My name is Ms. Ku and I'm really excited to be learning with you today because today we're looking at histograms under the unit of graphical representations of data.
Hope you enjoy the lesson, let's make a start.
Hi everyone and welcome to this lesson on summary statistics from histograms and it's under the unit graphical representations of data, cumulative frequency and histograms. And by the end of the lesson you'll be able to estimate the mean and median from a histogram.
We've got quite a few keywords here, so let's have a look.
The arithmetic mean for a set of numerical data is the sum of the values divided by the number of values and it's a measure of central tendency representing the average of the values.
We'll also be looking at frequency density, and frequency density is proportional to the frequency per unit for the data in each class.
Often the multipliers one meaning that frequency density is equal to frequency divided by class width.
And a histogram.
A histogram is a diagram consisting of rectangles, whose area is proportional to the frequency in each class and whose width is equal to the class interval.

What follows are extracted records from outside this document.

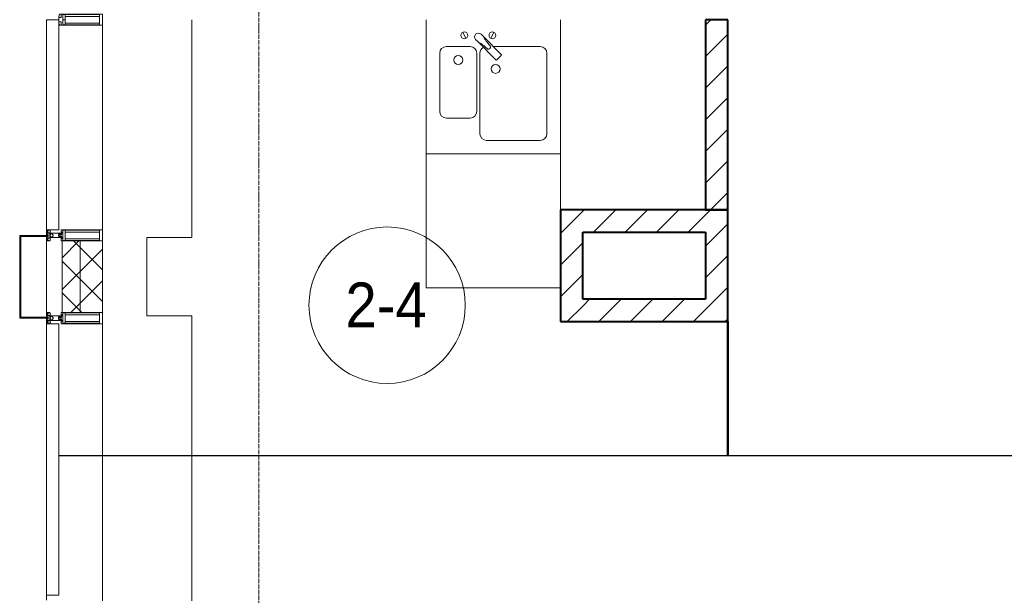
# Model space of a CAD drawing. Header units: millimetres. Extents: x 105790 to 201854, y 7718 to 225473.
# Tile 10 of 50: x 110480 to 114887, y 19075 to 21650. Entities that reach past the tile are written whole.
import ezdxf

# ---------------------------------------------------------------- set-up
doc = ezdxf.new("R2010")
doc.units = ezdxf.units.MM
for name, pattern in [('Линия сетки', [25, 20, -2.5, 0, -2.5]), ('Штрих_3_1_5_', [4.5, 3, -1.5]), ('Штриховая_ш3 п1_5', [4.5, 3, -1.5])]:
    doc.linetypes.add(name, pattern=pattern)
doc.layers.add('_Разделитель помещений_', color=4, linetype='Штриховая_ш3 п1_5', lineweight=40, true_color=0x00ffff)
for name, color, linetype, lineweight in [('Импосты витража', 7, 'Continuous', 18), ('Колонны', 7, 'Continuous', 18), ('Марки помещений', 7, 'Continuous', 20), ('Мебель', 7, 'Continuous', 18), ('Оси', 7, 'Continuous', 9), ('Панели витража', 7, 'Continuous', 18), ('Перекрытия', 7, 'Continuous', 18), ('Сантехнические приборы', 7, 'Continuous', 18), ('Стены', 7, 'Continuous', 18), ('Стены разрез', 7, 'Continuous', 40), ('Стены штриховка', 7, 'Continuous', 40), ('Элементы узлов', 7, 'Continuous', 18)]:
    doc.layers.add(name, color=color, linetype=linetype, lineweight=lineweight)
doc.styles.add('Arial_3', font='arial.ttf', dxfattribs={"width": 0.9, "height": 200})
pattern_1 = [(45, (0, 0), (-70.71068, 70.71068), [])]
pattern_2 = [(45, (0, 0), (-70.71068, 70.71068), []), (135, (0, 0), (-70.71068, -70.71068), [])]

# ---------------------------------------------------------------- blocks, each defined once
blk = doc.blocks.new('MR_Мойка - Кухонная мойка-V18-МКСС_К4_L23_78_000_')
at = {"layer": 'Сантехнические приборы', "color": 253, "true_color": 0xaaaaaa}
for p, q in [((-300, 50), (-300, -550)), ((-300, 50), (-300, -550)), ((300, -550), (300, 50)), ((-136.7, -6.7), (-122.6, -33.3)), ((-79, -39), (-69.8, -48.2)), ((-45.7, -24.2), (-55, -14.9)), ((35.5, -105.4), (-45.7, -24.2)), ((2.7, -6.7), (-11.4, -33.3)), ((-104, -70), (-210, -70)), ((-69.8, -48.2), (11.4, -129.4)), ((210, -70), (0.1, -70)), ((-240, -100), (-240, -360)), ((-74, -360), (-74, -100)), ((-60, -100), (-60, -460)), ((15.7, -129.4), (35.5, -109.6)), ((240, -460), (240, -100)), ((-210, -390), (-104, -390)), ((-30, -490), (210, -490)), ((-300, -550), (300, -550))]:
    blk.add_line(p, q, dxfattribs=at)
for centre, radius, start, end in [((-129.7, -20), 15, 360, 180), ((-129.7, -20), 15, 180, 360), ((-67, -26.9), 17, 45, 225), ((136.3, 77.5), 208.5, 209.1823, 223.4054), ((-4.3, -20), 15, 360, 180), ((-4.3, -20), 15, 180, 360), ((-210, -100), 30, 90, 180), ((-104, -100), 30, 360, 90), ((-171.5, -230.2), 208.5, 46.5946, 60.8177), ((-30, -100), 30, 118.5511, 180), ((-21.7, -72.3), 9.19, 225, 45), ((210, -100), 30, 360, 90), ((-157, -130), 20, 360, 180), ((-157, -130), 20, 180, 360), ((13.5, -127.3), 3, 225, 315), ((13.5, -127.3), 3, 225, 315), ((33.3, -107.5), 3, 315, 45), ((33.3, -107.5), 3, 315, 45), ((10, -170), 20, 360, 180), ((10, -170), 20, 180, 360), ((-210, -360), 30, 180, 270), ((-104, -360), 30, 270, 360), ((-30, -460), 30, 180, 270), ((210, -460), 30, 270, 360)]:
    blk.add_arc(centre, radius, start, end, dxfattribs=at)
blk = doc.blocks.new('MR_Зона обслуживания - MR_Зона обслуживания-V32-МКСС_К4_L23_78_000_')
at = {"layer": 'Мебель', "lineweight": 9}
for p, q in [((300, 0), (-300, 0)), ((-300, 0), (-300, -600)), ((300, -250), (300, 0)), ((-300, -600), (300, -600))]:
    blk.add_line(p, q, dxfattribs=at)
blk = doc.blocks.new('135_SLK_K4_AR_rvt-1-МКСС_К4_L23_78_000_')
at = {"layer": 'Стены разрез', "lineweight": 9, "true_color": 0xaaaaaa}
h = blk.add_hatch(dxfattribs=at)
h.set_pattern_fill('FP_3', color=253, style=0, pattern_type=2)
h.set_pattern_definition(pattern_1)
h.paths.add_polyline_path([(113650, 20800), (113650, 21650), (113550, 21650), (113550, 20800)])
h = blk.add_hatch(dxfattribs=at)
h.set_pattern_fill('FP_3', color=253, style=0, pattern_type=2)
h.set_pattern_definition(pattern_1)
h.paths.add_polyline_path([(113550, 20700), (113550, 20800), (112900, 20800), (112900, 20700), (113548.3, 20700)])
h = blk.add_hatch(dxfattribs=at)
h.set_pattern_fill('FP_3', color=253, style=0, pattern_type=2)
h.set_pattern_definition(pattern_1)
h.paths.add_polyline_path([(113550, 20300), (113650, 20300), (113650, 20800), (113550, 20800), (113550, 20400)])
h = blk.add_hatch(dxfattribs=at)
h.set_pattern_fill('FP_3', color=253, style=0, pattern_type=2)
h.set_pattern_definition(pattern_1)
h.paths.add_polyline_path([(113000, 20300), (113000, 20700), (112900, 20700), (112900, 20300)])
h = blk.add_hatch(dxfattribs=at)
h.set_pattern_fill('FP_3', color=253, style=0, pattern_type=2)
h.set_pattern_definition(pattern_1)
h.paths.add_polyline_path([(113550, 20300), (113550, 20400), (113000, 20400), (113000, 20300)])
at = {"layer": '_Разделитель помещений_', "color": 131, "linetype": 'Штрих_3_1_5_', "true_color": 0xaaffff}
blk.add_line((113650, 20300), (113650, 19700), dxfattribs=at)
at = {"layer": 'Перекрытия', "color": 253, "true_color": 0xaaaaaa}
for p, q in [((111249.8, 21650), (111249.8, 20675)), ((111249.8, 20675), (111049.8, 20675)), ((111049.8, 20675), (111049.8, 20325)), ((111049.8, 20325), (111249.8, 20325)), ((111249.8, 20325), (111249.8, 19050))]:
    blk.add_line(p, q, dxfattribs=at)
at = {"layer": 'Стены', "color": 253, "true_color": 0xaaaaaa}
for p, q in [((110655, 19700.4), (114950, 19700.4)), ((114950, 19699.6), (110655, 19699.6)), ((111249.8, 19700.4), (110850, 19700.4)), ((110850, 19699.6), (111249.8, 19699.6))]:
    blk.add_line(p, q, dxfattribs=at)
at = {"layer": 'Стены разрез', "color": 253, "true_color": 0xaaaaaa}
for p, q in [((113650, 21650), (113550, 21650)), ((113550, 21650), (113550, 20800)), ((113650, 20800), (113650, 21650)), ((113550, 20800), (112900, 20800)), ((112900, 20800), (112900, 20700)), ((113650, 20800), (113550, 20800)), ((113550, 20800), (113650, 20800)), ((113650, 20300), (113650, 20800)), ((112900, 20700), (112900, 20300)), ((113000, 20700), (113550, 20700)), ((113000, 20400), (113000, 20700)), ((113550, 20700), (113550, 20400)), ((113550, 20400), (113000, 20400)), ((112900, 20300), (113000, 20300)), ((113000, 20300), (113550, 20300)), ((113550, 20300), (113649.6, 20300)), ((113649.6, 20300), (113649.6, 19700.4)), ((113650.4, 20300), (113650, 20300)), ((113650.4, 19700.4), (113650.4, 20300)), ((113649.6, 19700.4), (113650.4, 19700.4))]:
    blk.add_line(p, q, dxfattribs=at)
at = {"layer": 'Стены штриховка', "color": 253, "true_color": 0xaaaaaa}
for p, q in [((113649.6, 20300), (113650, 20300)), ((113650, 20300), (113649.6, 20300))]:
    blk.add_line(p, q, dxfattribs=at)
at = {"layer": 'Мебель', "color": 253, "lineweight": 18, "true_color": 0xaaaaaa}
blk.add_blockref('MR_Зона обслуживания - MR_Зона обслуживания-V32-МКСС_К4_L23_78_000_', (112600, 21050), dxfattribs=at)
at = {"layer": 'Сантехнические приборы', "color": 253, "lineweight": 18, "true_color": 0xaaaaaa}
blk.add_blockref('MR_Мойка - Кухонная мойка-V18-МКСС_К4_L23_78_000_', (112600, 21600), dxfattribs=at)
blk = doc.blocks.new('A_SLK_PAN_Type1 - Прямой тип панели-6537262-МКСС_К4_L23_78_000_')
at = {"layer": 'Колонны', "lineweight": 5}
for p, q in [((-185, 120), (185, 120)), ((-185, 0), (-185, 120)), ((-180, 115), (-180, 0)), ((180, 115), (-180, 115)), ((180, 0), (180, 115)), ((185, 120), (185, 0)), ((-180, 0), (-185, 0)), ((185, 0), (180, 0))]:
    blk.add_line(p, q, dxfattribs=at)
blk = doc.blocks.new('Rectangular Mullion - R_StandardFrame_50Wx250H-4674740-МКСС_К4_L23_78_000_')
at = {"layer": 'Импосты витража', "color": 253, "lineweight": 5, "true_color": 0xaaaaaa}
for p, q in [((110600, 20320), (110600, 20680)), ((110850, 20660), (110850, 20685)), ((110850, 20315), (110850, 20340))]:
    blk.add_line(p, q, dxfattribs=at)
blk = doc.blocks.new('Rectangular Mullion - 50Wx250H-2623690-МКСС_К4_L23_78_000_')
at = {"layer": 'Элементы узлов', "color": 253, "lineweight": 5, "true_color": 0xaaaaaa}
for p, q in [((-25, 65.2), (-25, 250)), ((-25, 250), (0, 250)), ((-23, 237.3), (0, 237.3)), ((-23, 237.3), (-23, 73.6)), ((-14.9, 84), (-14.9, 237.3)), ((25, 250), (0, 250)), ((23, 237.3), (0, 237.3)), ((14.9, 84), (14.9, 237.3)), ((23, 237.3), (23, 73.6)), ((25, 65.2), (25, 250)), ((-14, 65.2), (-25, 65.2)), ((0, 84), (-23, 84)), ((-0.5, 73.6), (-23, 73.6)), ((-14, 71.3), (-14, 65.2)), ((-10, 71.3), (-14, 71.3)), ((-10, 53), (-10, 71.3)), ((-8.7, 53), (-10, 53)), ((-10, 53), (-10, 17)), ((-8.7, 53), (-7, 54.7)), ((-7, 65.2), (-5.9, 67.3)), ((-7, 65.2), (-7, 54.7)), ((-4.1, 67.3), (-5.9, 67.3)), ((-4.1, 67.3), (-2.9, 65.1)), ((-2.9, 65.1), (-2.9, 54.6)), ((-1.3, 53), (-2.9, 54.6)), ((0, 53), (-1.3, 53)), ((0, 84), (23, 84)), ((0, 53), (1.3, 53)), ((0.5, 73.6), (23, 73.6)), ((1.3, 53), (2.9, 54.6)), ((4.1, 67.3), (2.9, 65.1)), ((2.9, 65.1), (2.9, 54.6)), ((4.1, 67.3), (5.9, 67.3)), ((7, 65.2), (5.9, 67.3)), ((7, 65.2), (7, 54.7)), ((8.7, 53), (7, 54.7)), ((8.7, 53), (10, 53)), ((10, 71.3), (14, 71.3)), ((10, 53), (10, 71.3)), ((10, 53), (10, 17)), ((14, 71.3), (14, 65.2)), ((14, 65.2), (25, 65.2)), ((-23.8, 14.6), (-25, 14.2)), ((-25, 0), (-25, 14.2)), ((-22.3, 17), (-23.8, 17)), ((-23.8, 17), (-23.8, 14.6)), ((-22.5, 10.6), (-23.8, 14.6)), ((-22.5, 10.6), (-23.7, 9.9)), ((-23.7, 1.3), (-23.7, 9.9)), ((-23.7, 1.3), (-11.8, 1.3)), ((-23.2, 10.2), (-22.5, 8)), ((-22.5, 8), (-22.5, 4.5)), ((-21.3, 4.5), (-22.5, 4.5)), ((-22.3, 17), (-22.3, 16)), ((-22.3, 16), (-21.3, 16)), ((-19, 17.6), (-21.3, 16)), ((-21.3, 4.5), (-21.3, 6.5)), ((-21.3, 6.5), (-14.2, 6.5)), ((-18.4, 16.6), (-19, 17.6)), ((-7.4, 16.6), (-18.4, 16.6)), ((-14.2, 6.5), (-14.2, 4.5)), ((-13.2, 4.5), (-14.2, 4.5)), ((-13.2, 4.5), (-12.2, 7.2)), ((-12.7, 7.6), (-11.3, 11.4)), ((-12.7, 7.6), (-11.8, 6.9)), ((-12.2, 9), (-12.2, 14.8)), ((-12.2, 14.8), (0, 14.8)), ((-11.8, 1.3), (-11.8, 6.9)), ((-10.5, 11.2), (-11.3, 11.4)), ((-10.5, 1.5), (-10.5, 11.2)), ((-4.8, 1.5), (-10.5, 1.5)), ((-10, 17), (-7.5, 17)), ((-8.5, 23), (-1.5, 30)), ((-8.5, 18.5), (-8.5, 23)), ((-7.5, 18.5), (-8.5, 18.5)), ((-7.5, 17), (-7.5, 18.5)), ((-7.4, 18), (-7.4, 16.6)), ((-2.6, 18), (-7.4, 18)), ((0, 8), (-4.8, 8)), ((-4.8, 1.5), (-4.8, 8)), ((-2.6, 18), (-2.6, 16.8)), ((-2.6, 16.8), (0, 16.8)), ((-1.5, 30), (0, 30)), ((1.5, 30), (0, 30)), ((2.6, 16.8), (0, 16.8)), ((0, 14.8), (0, 16.8)), ((0, 14.8), (0, 16.8)), ((12.2, 14.8), (0, 14.8)), ((0, 0), (0, 8)), ((0, 8), (4.8, 8)), ((0, 0), (0, 8)), ((8.5, 23), (1.5, 30)), ((2.6, 18), (2.6, 16.8)), ((2.6, 18), (7.4, 18)), ((4.8, 1.5), (4.8, 8)), ((4.8, 1.5), (10.5, 1.5)), ((7.4, 18), (7.4, 16.6)), ((7.4, 16.6), (18.4, 16.6)), ((7.5, 18.5), (8.5, 18.5)), ((7.5, 17), (7.5, 18.5)), ((10, 17), (7.5, 17)), ((8.5, 18.5), (8.5, 23)), ((10.5, 11.2), (11.3, 11.4)), ((10.5, 1.5), (10.5, 11.2)), ((12.7, 7.6), (11.3, 11.4)), ((12.7, 7.6), (11.8, 6.9)), ((11.8, 1.3), (11.8, 6.9)), ((23.7, 1.3), (11.8, 1.3)), ((12.2, 9), (12.2, 14.8)), ((13.2, 4.5), (12.2, 7.2)), ((13.2, 4.5), (14.2, 4.5)), ((21.3, 6.5), (14.2, 6.5)), ((14.2, 6.5), (14.2, 4.5)), ((18.4, 16.6), (19, 17.6)), ((19, 17.6), (21.3, 16)), ((22.3, 16), (21.3, 16)), ((21.3, 4.5), (21.3, 6.5)), ((21.3, 4.5), (22.5, 4.5)), ((22.3, 17), (22.3, 16)), ((22.3, 17), (23.8, 17)), ((22.5, 10.6), (23.8, 14.6)), ((22.5, 10.6), (23.7, 9.9)), ((23.2, 10.2), (22.5, 8)), ((22.5, 8), (22.5, 4.5)), ((23.7, 1.3), (23.7, 9.9)), ((23.8, 17), (23.8, 14.6)), ((23.8, 14.6), (25, 14.2)), ((25, 0), (25, 14.2)), ((-25, 0), (0, 0)), ((25, 0), (0, 0))]:
    blk.add_line(p, q, dxfattribs=at)
for centre, start, end in [((-0.5, 73.1), 360, 90), ((0.5, 73.1), 90, 180)]:
    blk.add_arc(centre, 0.5, start, end, dxfattribs=at)
blk = doc.blocks.new('System Panel - A_PAN_Glass-7492433-МКСС_К4_L23_78_000_')
at = {"layer": 'Панели витража', "color": 253, "lineweight": 5, "true_color": 0xaaaaaa}
for p, q in [((607.5, 55), (-607.5, 55)), ((-607.5, 55), (-607.5, 0)), ((607.5, 0), (607.5, 55)), ((-607.5, 0), (607.5, 0))]:
    blk.add_line(p, q, dxfattribs=at)
blk = doc.blocks.new('Rectangular Mullion - R_StandardFrame_50Wx250H-5822618-МКСС_К4_L23_78_000_')
at = {"layer": 'Импосты витража', "color": 253, "lineweight": 5, "true_color": 0xaaaaaa}
for p, q in [((110600, 20290), (110600, 20315)), ((110850, 19050), (110850, 20315)), ((110600, 19052.5), (110600, 19075))]:
    blk.add_line(p, q, dxfattribs=at)
blk = doc.blocks.new('System Panel - A_PAN_Glass-7497746-МКСС_К4_L23_78_000_')
at = {"layer": 'Панели витража', "color": 253, "lineweight": 5, "true_color": 0xaaaaaa}
for p, q in [((-470, 55), (-470, 0)), ((470, 55), (-456, 55)), ((470, 0), (470, 55)), ((-470, 0), (470, 0))]:
    blk.add_line(p, q, dxfattribs=at)
blk = doc.blocks.new('Rectangular Mullion - R_StandardFrame_50Wx250H-5980127-МКСС_К4_L23_78_000_')
at = {"layer": 'Импосты витража', "color": 253, "lineweight": 5, "true_color": 0xaaaaaa}
for p, q in [((110850, 20685), (110850, 21625)), ((110600, 20685), (110600, 20710))]:
    blk.add_line(p, q, dxfattribs=at)
blk = doc.blocks.new('Rectangular Mullion - 50Wx250H-3927046-МКСС_К4_L23_78_000_')
at = {"layer": 'Элементы узлов', "color": 253, "lineweight": 5, "true_color": 0xaaaaaa}
for p, q in [((0, 250), (-25, 250)), ((-25, 250), (-25, 237.3)), ((-25, 65.2), (-25, 250)), ((-25, 250), (0, 250)), ((-23, 237.3), (0, 237.3)), ((-23, 237.3), (0, 237.3)), ((-23, 237.3), (-23, 73.6)), ((0, 237.3), (-14.9, 237.3)), ((-14.9, 237.3), (-14.9, 84)), ((-14.9, 84), (-14.9, 237.3)), ((25, 250), (0, 250)), ((25, 250), (0, 250)), ((14.9, 237.3), (0, 237.3)), ((0, 237.3), (23, 237.3)), ((23, 237.3), (0, 237.3)), ((14.9, 84), (14.9, 237.3)), ((14.9, 84), (14.9, 237.3)), ((23, 237.3), (23, 73.6)), ((25, 237.3), (25, 250)), ((25, 65.2), (25, 250)), ((-25, 73.6), (-25, 65.2)), ((-25, 65.2), (-25, 60.2)), ((-10, 65.2), (-25, 65.2)), ((-25, 65.2), (-25, 60.2)), ((-25, 65.2), (-10, 65.2)), ((-10, 65.2), (-25, 65.2)), ((0, 84), (-23, 84)), ((-23, 84), (-23, 73.6)), ((0, 84), (-23, 84)), ((-23, 73.6), (0, 73.6)), ((0, 73.6), (-23, 73.6)), ((-0.5, 73.6), (-23, 73.6)), ((-14.9, 84), (0, 84)), ((-10, 55), (-14, 55)), ((-14, 55), (-10, 55)), ((-10, 55), (-10, 65.2)), ((-10, 65.2), (-10, 55)), ((-10, 55), (-10, 65.2)), ((-10, 55), (0, 55)), ((0, 55), (-10, 55)), ((0, 84), (14.9, 84)), ((23, 84), (0, 84)), ((0, 84), (0, 73.6)), ((0, 84), (23, 84)), ((0, 73.6), (0, 84)), ((0, 73.6), (23, 73.6)), ((23, 73.6), (0, 73.6)), ((0, 55), (10, 55)), ((0, 55), (10, 55)), ((0.5, 73.6), (23, 73.6)), ((10, 65.2), (10, 55)), ((25, 65.2), (10, 65.2)), ((10, 55), (10, 65.2)), ((10, 65.2), (25, 65.2)), ((10, 65.2), (25, 65.2)), ((10, 55), (10, 65.2)), ((10, 55), (14, 55)), ((10, 55), (14, 55)), ((23, 73.6), (23, 84)), ((25, 65.2), (25, 73.6)), ((25, 65.2), (25, 60.2)), ((25, 60.2), (25, 65.2))]:
    blk.add_line(p, q, dxfattribs=at)
for centre, start, end in [((-14, 69.1), 218.9723, 270), ((-14, 69.1), 218.9723, 270), ((-14, 69.1), 218.9723, 270), ((14, 69.1), 270, 321.0277), ((14, 69.1), 270, 321.0277), ((14, 69.1), 270, 321.0277)]:
    blk.add_arc(centre, 14.1, start, end, dxfattribs=at)
blk = doc.blocks.new('135_SLK_K4_AR_FCD_rvt-1-МКСС_К4_L23_78_000_')
at = {"layer": 'Стены разрез', "lineweight": 5, "true_color": 0xaaaaaa}
h = blk.add_hatch(dxfattribs=at)
h.set_pattern_fill('FP_4', color=253, style=0, pattern_type=2)
h.set_pattern_definition(pattern_2)
h.paths.add_polyline_path([(110750, 20340), (110750, 20660), (110670, 20660), (110670, 20340)])
h = blk.add_hatch(dxfattribs=at)
h.set_pattern_fill('FP_4', color=253, style=0, pattern_type=2)
h.set_pattern_definition(pattern_2)
h.paths.add_polyline_path([(110750, 20340), (110850, 20340), (110850, 20660), (110750, 20660), (110750, 20564.5)])
at = {"layer": 'Стены разрез', "color": 253, "lineweight": 9, "true_color": 0xaaaaaa}
for p, q in [((110670, 20660), (110670, 20340)), ((110850, 20660), (110670, 20660)), ((110850, 20340), (110850, 20660)), ((110670, 20340), (110850, 20340))]:
    blk.add_line(p, q, dxfattribs=at)
at = {"layer": 'Стены штриховка', "color": 253, "lineweight": 9, "true_color": 0xaaaaaa}
blk.add_line((110750, 20340), (110750, 20660), dxfattribs=at)
at = {"layer": 'Импосты витража', "color": 253, "lineweight": 5, "true_color": 0xaaaaaa, "rotation": 270}
for name, p in [('Rectangular Mullion - 50Wx250H-3927046-МКСС_К4_L23_78_000_', (110600, 21650)), ('Rectangular Mullion - 50Wx250H-2623690-МКСС_К4_L23_78_000_', (110600, 20685)), ('Rectangular Mullion - 50Wx250H-2623690-МКСС_К4_L23_78_000_', (110600, 20315))]:
    blk.add_blockref(name, p, dxfattribs=at)
at = {"layer": 'Импосты витража', "color": 253, "lineweight": 5, "true_color": 0xaaaaaa}
for name in ['Rectangular Mullion - R_StandardFrame_50Wx250H-5980127-МКСС_К4_L23_78_000_', 'Rectangular Mullion - R_StandardFrame_50Wx250H-4674740-МКСС_К4_L23_78_000_', 'Rectangular Mullion - R_StandardFrame_50Wx250H-5822618-МКСС_К4_L23_78_000_']:
    blk.add_blockref(name, (0, 0), dxfattribs=at)
at = {"layer": 'Колонны', "color": 253, "lineweight": 5, "true_color": 0xaaaaaa, "rotation": 89.99999999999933}
blk.add_blockref('A_SLK_PAN_Type1 - Прямой тип панели-6537262-МКСС_К4_L23_78_000_', (110600, 20500), dxfattribs=at)
at = {"layer": 'Панели витража', "color": 253, "lineweight": 5, "true_color": 0xaaaaaa, "rotation": 270}
for name, p in [('System Panel - A_PAN_Glass-7497746-МКСС_К4_L23_78_000_', (110600, 21180)), ('System Panel - A_PAN_Glass-7492433-МКСС_К4_L23_78_000_', (110600, 19682.5))]:
    blk.add_blockref(name, p, dxfattribs=at)
blk = doc.blocks.new('050_Марка_Помещение - Номер-620969-МКСС_К4_L23_78_000_')
at = {"layer": 'Марки помещений'}
blk.add_circle((0, 0), 3.5, dxfattribs=at)

msp = doc.modelspace()

# ---------------------------------------------------------------- linework, layer by layer
at = {"layer": 'Оси', "linetype": 'Линия сетки'}
msp.add_line((111550, 12025.7), (111550, 33100), dxfattribs=at)

# ---------------------------------------------------------------- block references
at = {"lineweight": 5}
for name in ['135_SLK_K4_AR_FCD_rvt-1-МКСС_К4_L23_78_000_', '135_SLK_K4_AR_rvt-1-МКСС_К4_L23_78_000_']:
    msp.add_blockref(name, (0, 0), dxfattribs=at)
at = {"layer": 'Марки помещений', "xscale": 99.99999999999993, "yscale": 99.99999999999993, "zscale": 99.99999999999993}
msp.add_blockref('050_Марка_Помещение - Номер-620969-МКСС_К4_L23_78_000_', (112124.7, 20372.7), dxfattribs=at)

# ---------------------------------------------------------------- texts
at = {"layer": 'Марки помещений', "lineweight": 9, "insert": (111938.2, 20474.4), "char_height": 200, "width": 447.342, "attachment_point": 1, "style": 'Arial_3'}
msp.add_mtext('2-4', dxfattribs=at)

doc.saveas('drawing.dxf')

Today's lesson will be broken into two parts.
We'll be looking at the mean from a histogram and then the median from a histogram.
So let's make a start looking at the mean from a histogram.
A group of pupils played a game with difficulty levels easy and hard, and the times show how long pupils played until they lost their first life.
Explain which histogram shows the times for the harder level.
So you can give it a go.
Press pause if you need more time.
Let's see how you got on.
Well this is the harder level.
Although we don't know the numerical values, the frequency density, we do not need to as the frequency density is proportional to the frequency per unit for the data in each class, we can see that most students lost their first life within 15 seconds of playing the game.
This must be the easier level as most peoples lost their first life much later, meaning 30 seconds onwards.
Histograms are just fantastic as they show the distribution of the data.
And we're not even given the frequency densities here, but you can see and identify which set of data represents which group.
Fantastic.
So here are three histograms of three groups of people typing the alphabet as quickly as they can.
We have primary school pupils, we have teachers and we have pensions.
Now the frequency density scale is the same for all the graphs.
Which graph do you think represents which group? And I want you to explain how you know, so you can give it a go.
Press pause one more time.
Well done.
Well the first graph are the primary school pupils.
The second graph are the teachers and the last graph are the pensioners.
So let's have a look why? Well, this middle graph has to be the teachers as the teachers are the quickest given most type the alphabet in less than 15 seconds.
This indicates that they are pensioners as most people have typed the alphabet after 25 seconds.
And lastly, this has to be the primary school pupils as they are generally quick with most being less than 20 seconds.
Really well done if you've got this.
We can also approximate averages to provide statistical values for comparison.
And this is much better than saying most people as we can assign a statistical value.
So let's look at the data from primary school pupils typing the alphabet as quickly as they can and we can work out an estimate mean from this histogram.
One option is to construct a frequency table given the information in the histogram.
So we can draw up the table with the time intervals given.
Here you can see my frequency table between zero and 10 minutes, between 10 and 15 minutes, between 15 and 20 minutes and between 20 and 25 minutes.
Pay careful attention to my notation and inequalities.
Clearly we don't know the frequencies just yet, so how do we work out those frequencies? Well, firstly, let's insert our class intervals.
We know the class widths are 10, five, five, and five.
Next we can extract the frequency densities from our histogram.
We know the first bar has a frequency density of no 0.
3 and the following bars have frequency densities of 1.
6, six, and 1.
8.
So from here we can calculate the frequencies using the table or the area of the bar.
So no 0.
3 multiplied by 10 is three.
1.
6 multiplied by five is eight, six multiplied by five is 30 and 1.
8 multiplied by five is nine.
This is a really nice way of centralising all our information so we can identify our frequencies.
Alternatively, we can simply annotate the frequencies on the graph because we know the frequency is found using the area.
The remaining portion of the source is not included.